Again, this is grounded in Jeff Bezos’ thought of your margins, my opportunity. Who has the least incentive to share any revenue with the publishers? It’s Google. Like they drive traffic to others, but they take all the ad revenue. Right. We don’t have to have the margins they have. So we are happy sharing revenue with the publishers. So that was the origins of our publisher program. And we’re happy that it’s slowly expanding.
It’s not growing at a crazy pace because everybody wants to like everybody’s skeptical, like how much revenue can be generated in these AI platforms at a query level. No one’s really managed that. People are still doing the subscription based monetization.
But in future you could imagine research agents like these deep research agents can plug into different data providers and then the user can even pay for accessing some things. Just like they pay for these paywalls and then the agent can see through the paywalls because the user actually paid for it. And that revenue can be shared between the publisher and the AI.

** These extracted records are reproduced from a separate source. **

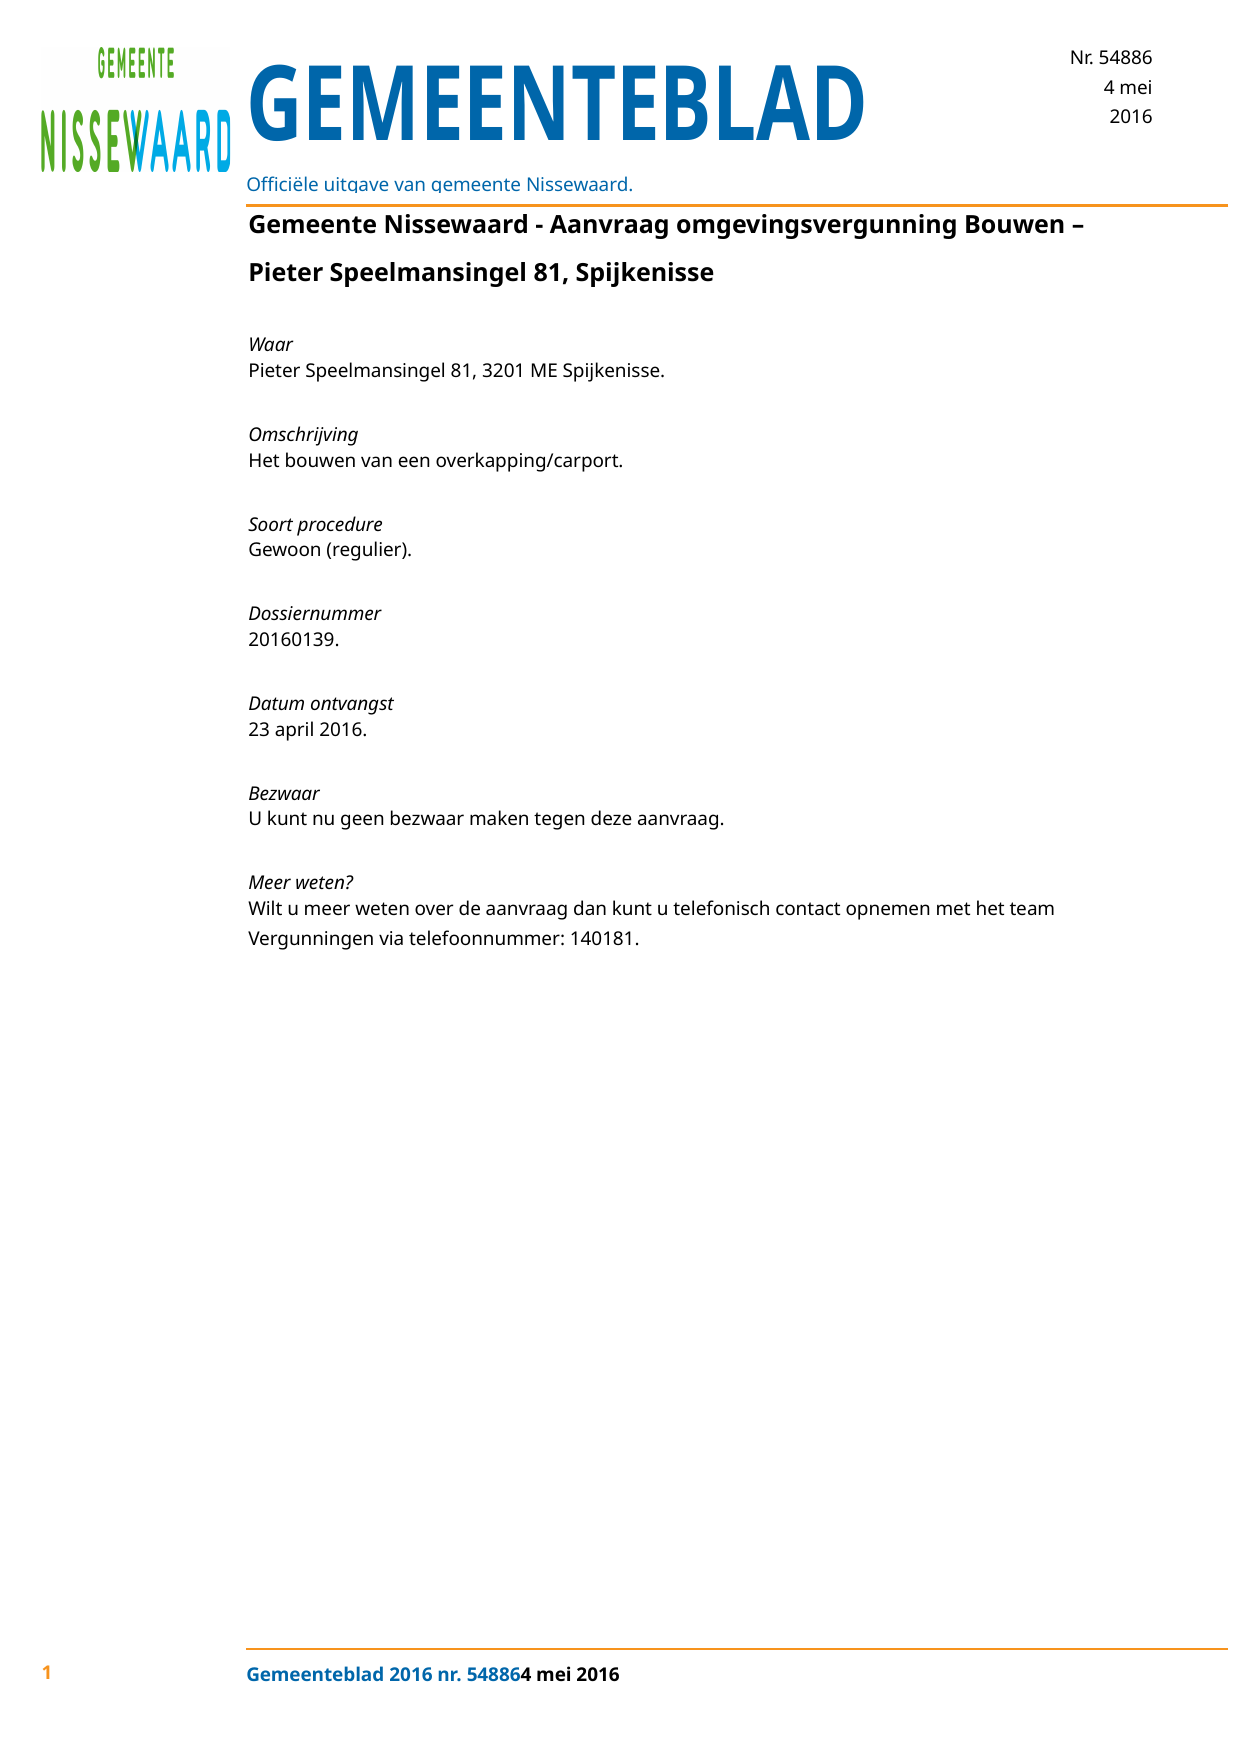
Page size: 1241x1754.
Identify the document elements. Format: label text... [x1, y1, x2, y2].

text Soort procedure [248, 511, 1152, 537]
text 20160139. [248, 626, 1152, 652]
picture [222, 122, 227, 160]
picture [41, 47, 231, 172]
text Datum ontvangst [248, 690, 1152, 716]
text Het bouwen van een overkapping/carport. [248, 447, 1152, 473]
text Waar [248, 331, 1152, 357]
picture [176, 157, 187, 172]
text Bezwaar [248, 780, 1152, 806]
picture [201, 122, 206, 138]
text Gemeente Nissewaard - Aanvraag omgevingsvergunning Bouwen – Pieter Speelmansingel 81, Spijkenisse [248, 207, 1152, 288]
text U kunt nu geen bezwaar maken tegen deze aanvraag. [248, 806, 1152, 831]
text Omschrijving [248, 421, 1152, 447]
text Meer weten? [248, 869, 1152, 895]
text Dossiernummer [248, 601, 1152, 626]
text Pieter Speelmansingel 81, 3201 ME Spijkenisse. [248, 357, 1152, 383]
text 23 april 2016. [248, 716, 1152, 742]
picture [200, 151, 206, 172]
text Wilt u meer weten over de aanvraag dan kunt u telefonisch contact opnemen met het team Vergunningen via telefoonnummer: 140181. [248, 895, 1152, 951]
text Gewoon (regulier). [248, 537, 1152, 562]
picture [154, 157, 165, 172]
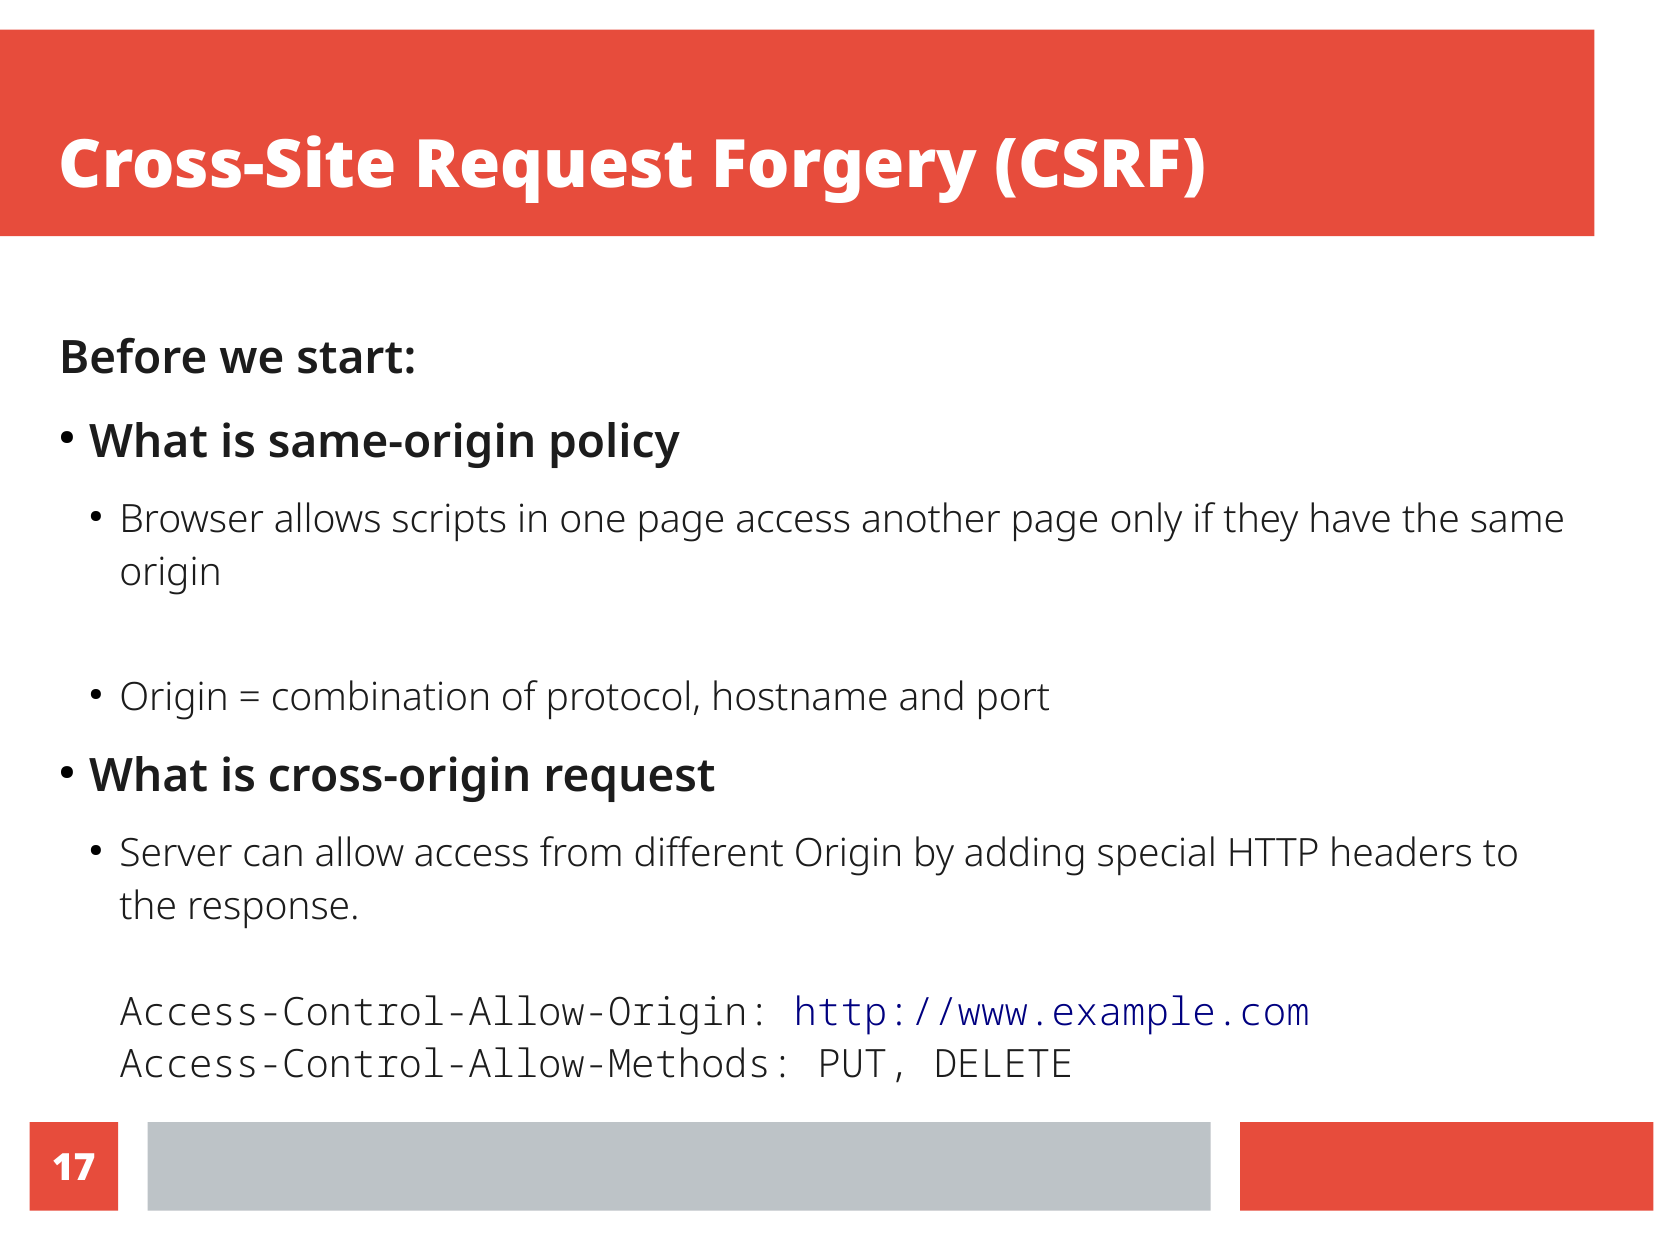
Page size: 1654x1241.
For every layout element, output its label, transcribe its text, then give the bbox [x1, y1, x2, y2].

title Cross-Site Request Forgery (CSRF) [59, 59, 1595, 207]
list Before we start: What is same-origin policy Browser allows scripts in one page access another page only if they have the same origin Origin = combination of protocol, hostname and port What is cross-origin request Server can allow access from different Origin by adding special HTTP headers to the response. Access-Control-Allow-Origin: http://www.example.com Access-Control-Allow-Methods: PUT, DELETE [59, 324, 1565, 1093]
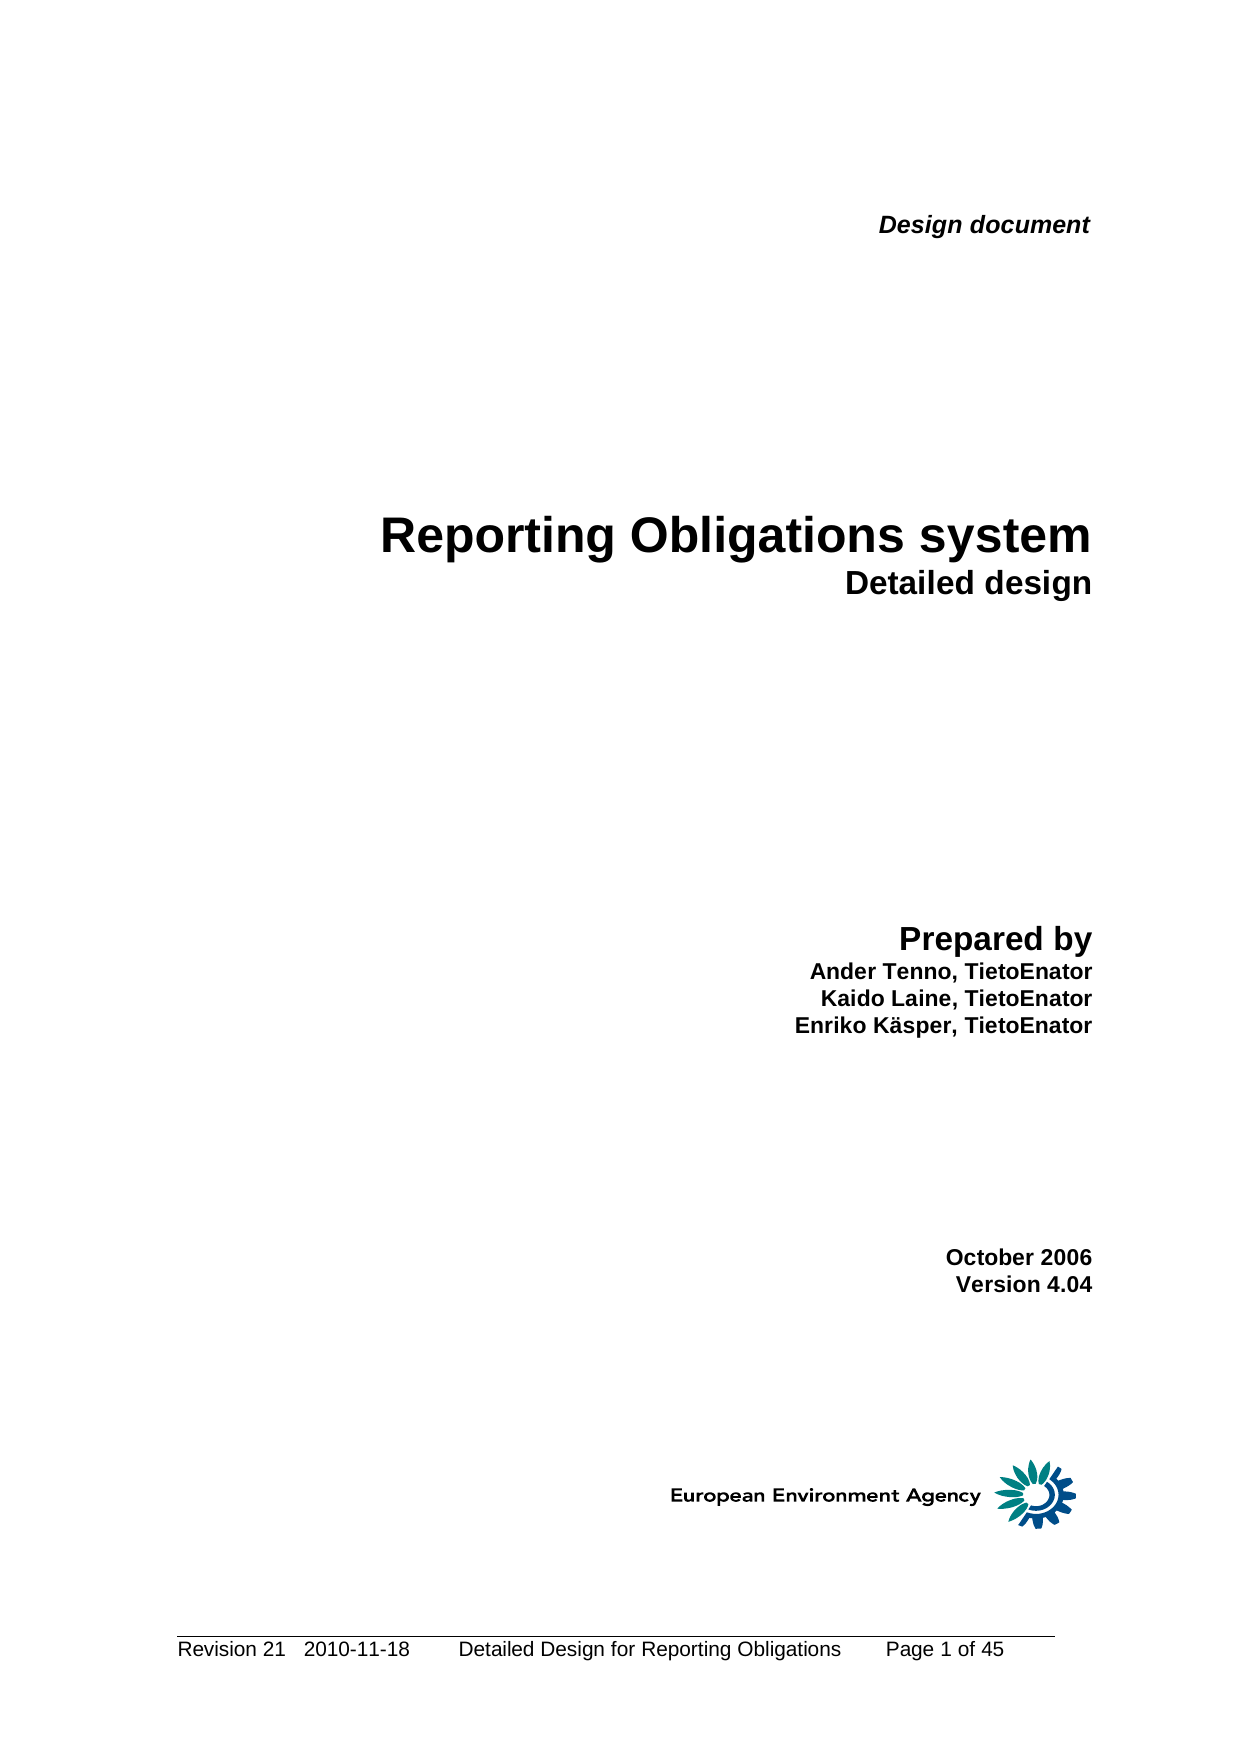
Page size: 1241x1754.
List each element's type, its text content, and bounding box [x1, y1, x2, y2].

title October 2006 [177, 1244, 1092, 1271]
title Detailed design [177, 563, 1092, 602]
title Reporting Obligations system [177, 506, 1092, 563]
title Version 4.04 [177, 1271, 1092, 1298]
text Design document [177, 210, 1092, 239]
title Ander Tenno, TietoEnator Kaido Laine, TietoEnator Enriko Käsper, TietoEnator [177, 957, 1092, 1039]
title Prepared by [177, 919, 1092, 957]
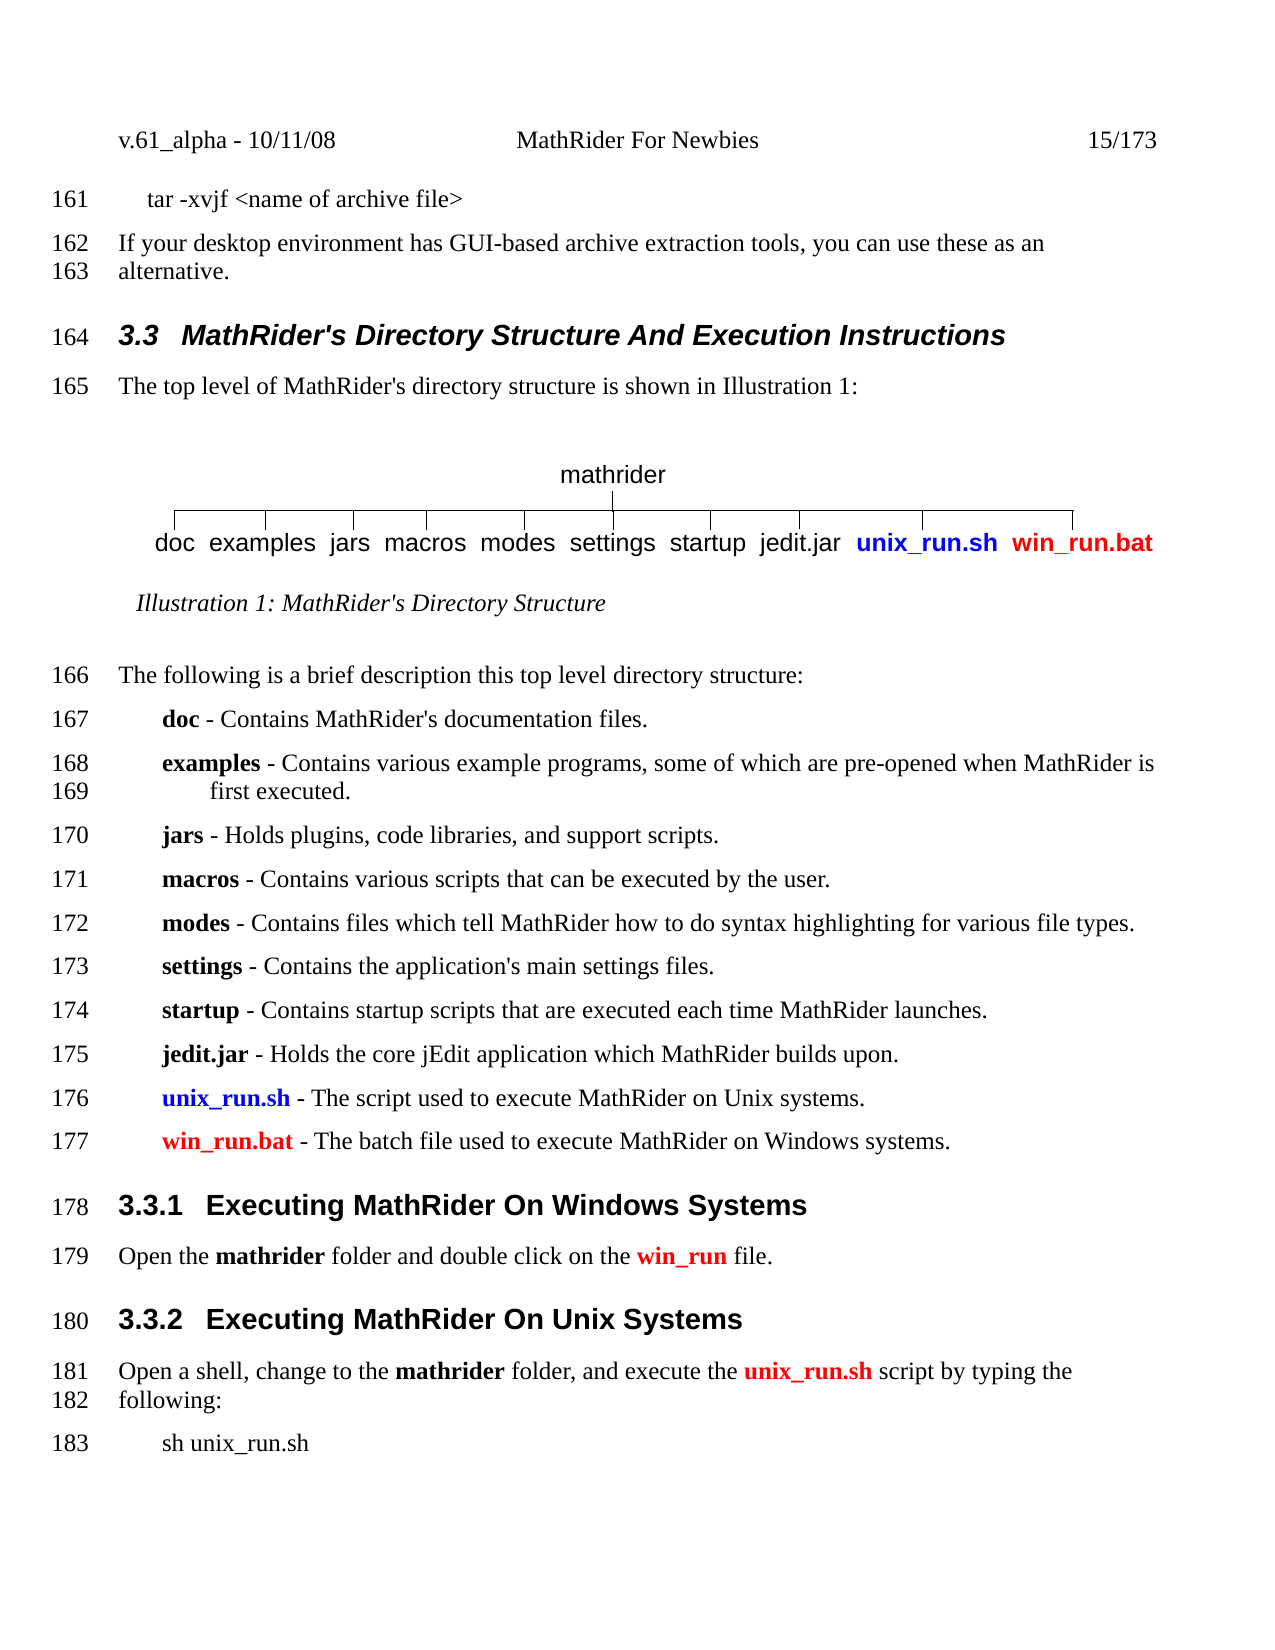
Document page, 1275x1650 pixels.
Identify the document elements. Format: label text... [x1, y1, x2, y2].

text win_run.bat - The batch file used to execute MathRider on Windows systems. [162, 1126, 1157, 1155]
subtitle Executing MathRider On Windows Systems [118, 1188, 1157, 1221]
text sh unix_run.sh [162, 1428, 1157, 1457]
text The following is a brief description this top level directory structure: [118, 660, 1157, 689]
text Open the mathrider folder and double click on the win_run file. [118, 1241, 1157, 1270]
text jedit.jar - Holds the core jEdit application which MathRider builds upon. [162, 1039, 1157, 1068]
text jars - Holds plugins, code libraries, and support scripts. [162, 820, 1157, 849]
text examples - Contains various example programs, some of which are pre-opened when MathRider is first executed. [162, 748, 1157, 805]
text If your desktop environment has GUI-based archive extraction tools, you can use these as an alternative. [118, 228, 1157, 285]
text tar -xvjf <name of archive file> [147, 184, 1157, 213]
text settings - Contains the application's main settings files. [162, 951, 1157, 980]
text Open a shell, change to the mathrider folder, and execute the unix_run.sh script by typing the following: [118, 1356, 1157, 1413]
text The top level of MathRider's directory structure is shown in Illustration 1: [118, 371, 1157, 400]
text startup - Contains startup scripts that are executed each time MathRider launches. [162, 995, 1157, 1024]
text unix_run.sh - The script used to execute MathRider on Unix systems. [162, 1083, 1157, 1111]
text doc - Contains MathRider's documentation files. [162, 704, 1157, 733]
subtitle Executing MathRider On Unix Systems [118, 1302, 1157, 1336]
text macros - Contains various scripts that can be executed by the user. [162, 864, 1157, 893]
subtitle MathRider's Directory Structure And Execution Instructions [118, 318, 1157, 351]
text Illustration 1: MathRider's Directory Structure [136, 434, 1153, 616]
text modes - Contains files which tell MathRider how to do syntax highlighting for various file types. [162, 908, 1157, 936]

There’s a lot of ways to do this, but the number one thing to understand here is the intention to share revenue and the intention to be open about. Okay, that’s definitely not going to be the old school style of just traffic referrals from these new UIs. It’s just how these tools work.
And it’s important to also remember, the more you get cited in an AI tool, the branding for the source also increases. I would argue that maybe years from now, it’s probably better to be an authoritative source consistently in an AI product than ranking number three on the 10 blue link UI.